Segundo, que al casar la sentencia, mediante el proveído de 22 de febrero de 1.996, declarando la nulidad de lo actuado a partir de la sentencia complementaria de 28 de enero de 1.994, para que a partir de allí corriese el término de ejecutoria de la sentencia de segunda instancia y pudiesen los sujetos procesales ejercer sus derechos, la Corte Suprema de Justicia corrigió la grave violación que se había dado del debido proceso, concretamente de lo dispuesto en el numeral 3° del artículo 304 del Código de Procedimiento Penal. Tercero, que como en cumplimiento de lo dispuesto por la Corte Suprema de Justicia, el Tribunal dispuso que el proceso permaneciese en secretaría durante el término de ejecutoria correspondiente a la sentencia de segunda instancia, sin que aparezca demostrado que el defensor del accionante adelantase gestión alguna, se sigue que éste incurrió en una nueva negligencia, pues desaprovechó el terminó para solicitar la aclaración de la sentencia, con lo cual probablemente hubiera podido obtener la igualación de su pena frente a los coautores que apelaron el fallo de primera instancia. Finalmente, que frente a la solicitud de prescripción de la acción penal ha habido claros pronunciamientos tanto de la Corte Suprema de Justicia como de la Sala Penal del Tribunal Superior de Santa Fe de Bogotá, con argumentos de orden jurídico, lo cual descarta la posibilidad de una vía de hecho,
máxime cuando se trata de la interpretación de las normas que rigen dicho instituto extintivo de la acción penal. La acción de tutela, lo ha dicho asimismo esta Corporación, no ha sido consagrada para sustituir otras acciones o procesos cuyo trámite corresponda adelantar a Tribunales y jueces, y menos para suplir la desidia en la utilización oportuna de los recursos que, también como medios de defensa de los derechos fundamentales de las personas, ha consagrado la ley. Como se vislumbra que el accionante persigue revivir las oportunidades que le habían sido dadas por la ley, se confirmará la decisión del a quo, dada la clara improcedencia de la acción de tutela incoada.
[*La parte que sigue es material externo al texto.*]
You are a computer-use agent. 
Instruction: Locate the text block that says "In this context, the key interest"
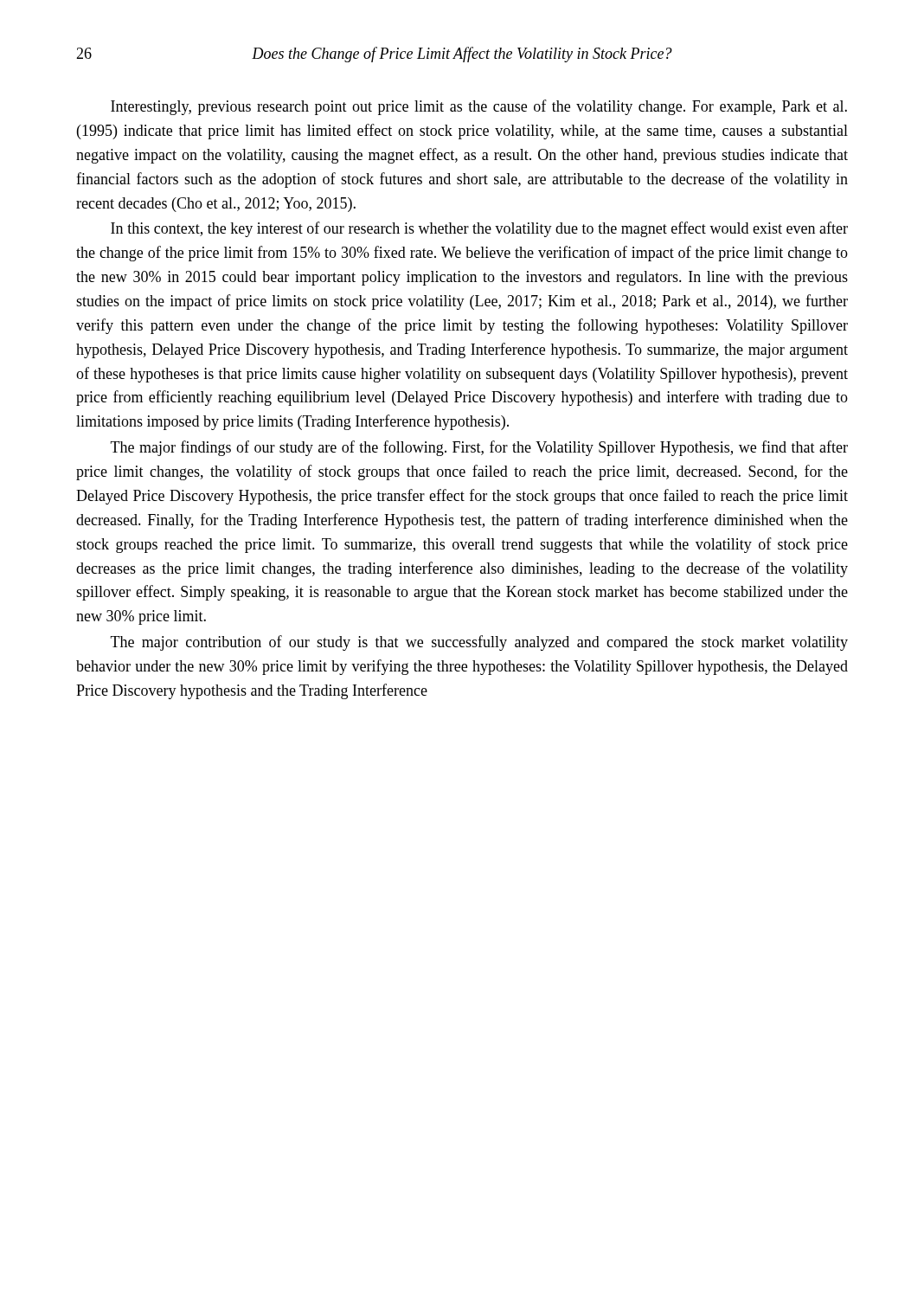point(462,325)
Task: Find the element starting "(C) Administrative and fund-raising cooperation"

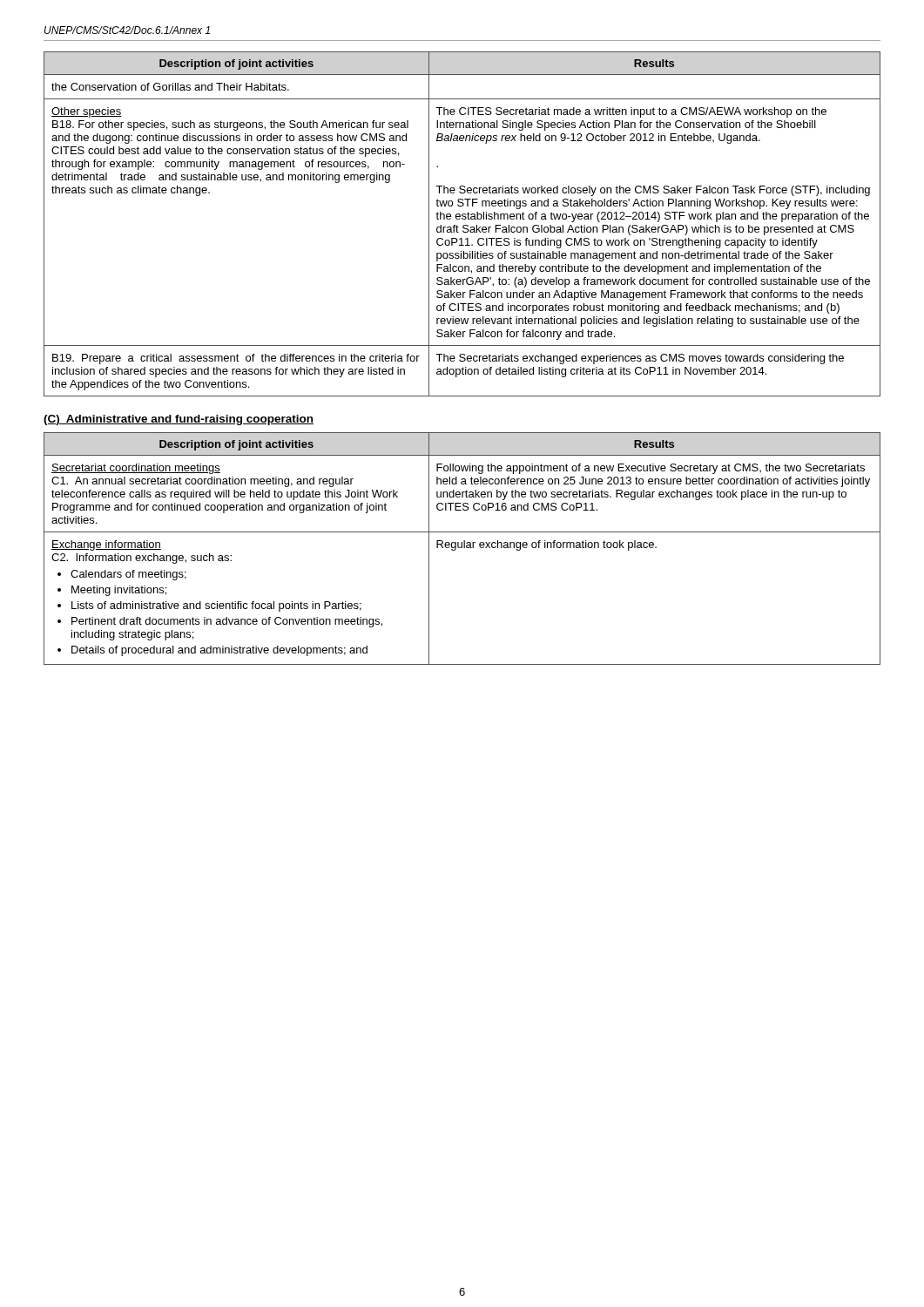Action: [179, 419]
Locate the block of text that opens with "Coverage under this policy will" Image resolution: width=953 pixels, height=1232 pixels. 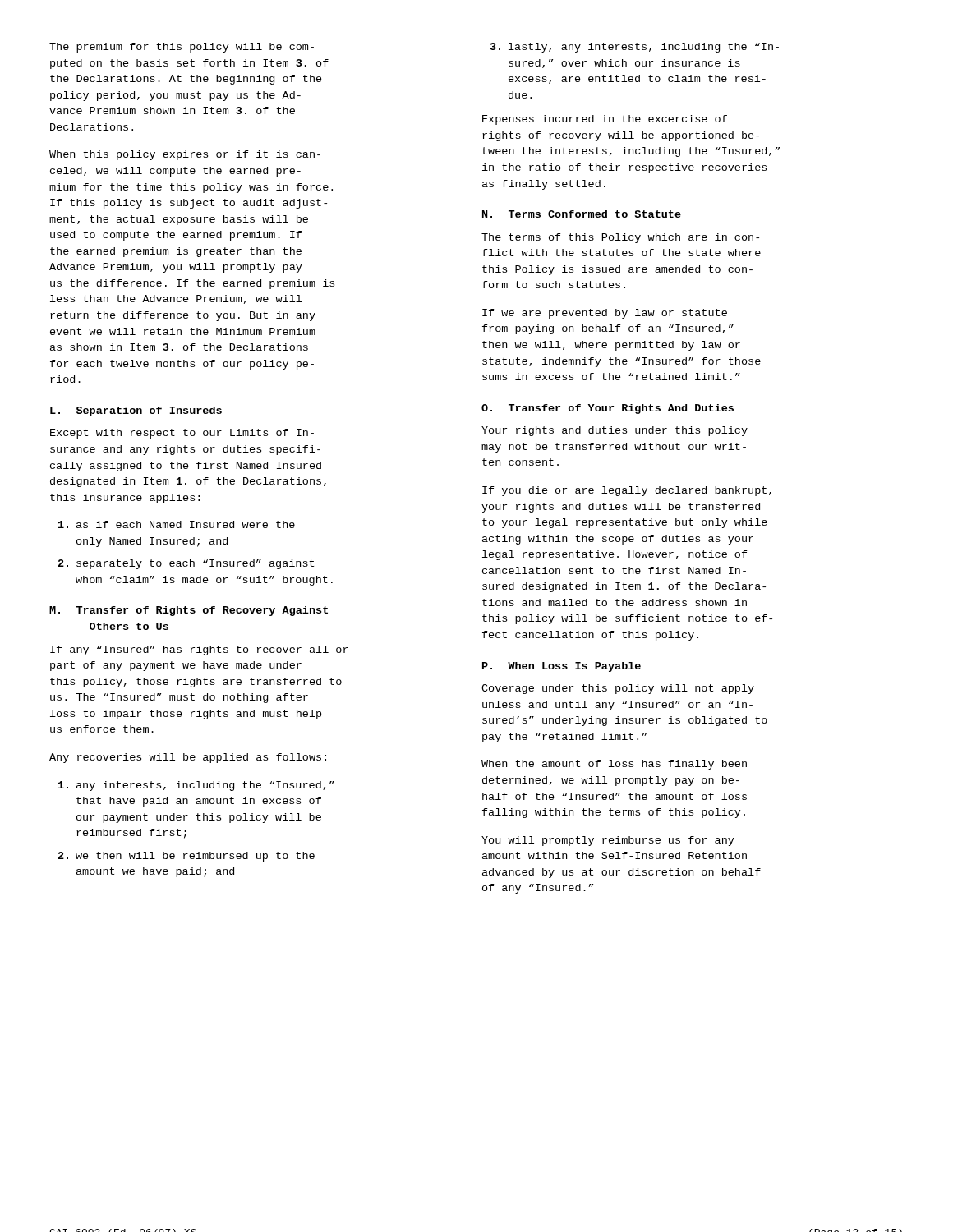click(625, 713)

En virtud de lo expuesto, el Consejo de Estado, Sala de lo Contencioso Administrativo, Sección Primera, administrando justicia en nombre de la República y por autoridad de la ley, F A L L A : CONFIRMASE la providencia impugnada de fecha 24 de febrero de 1998, proferida por el Tribunal Administrativo de Cundinamarca. Dentro de los diez (10) días siguientes a la ejecutoria de esta providencia, envíese el expediente a la Corte Constitucional para su eventual revisión. Expídase y envíese al Tribunal Administrativo de Cundinamarca, copia de esta providencia. Cópiese, notifíquese y cúmplase. La anterior providencia fue discutida y aprobada por la Sala en reunión celebrada el día 7 de mayo de 1998.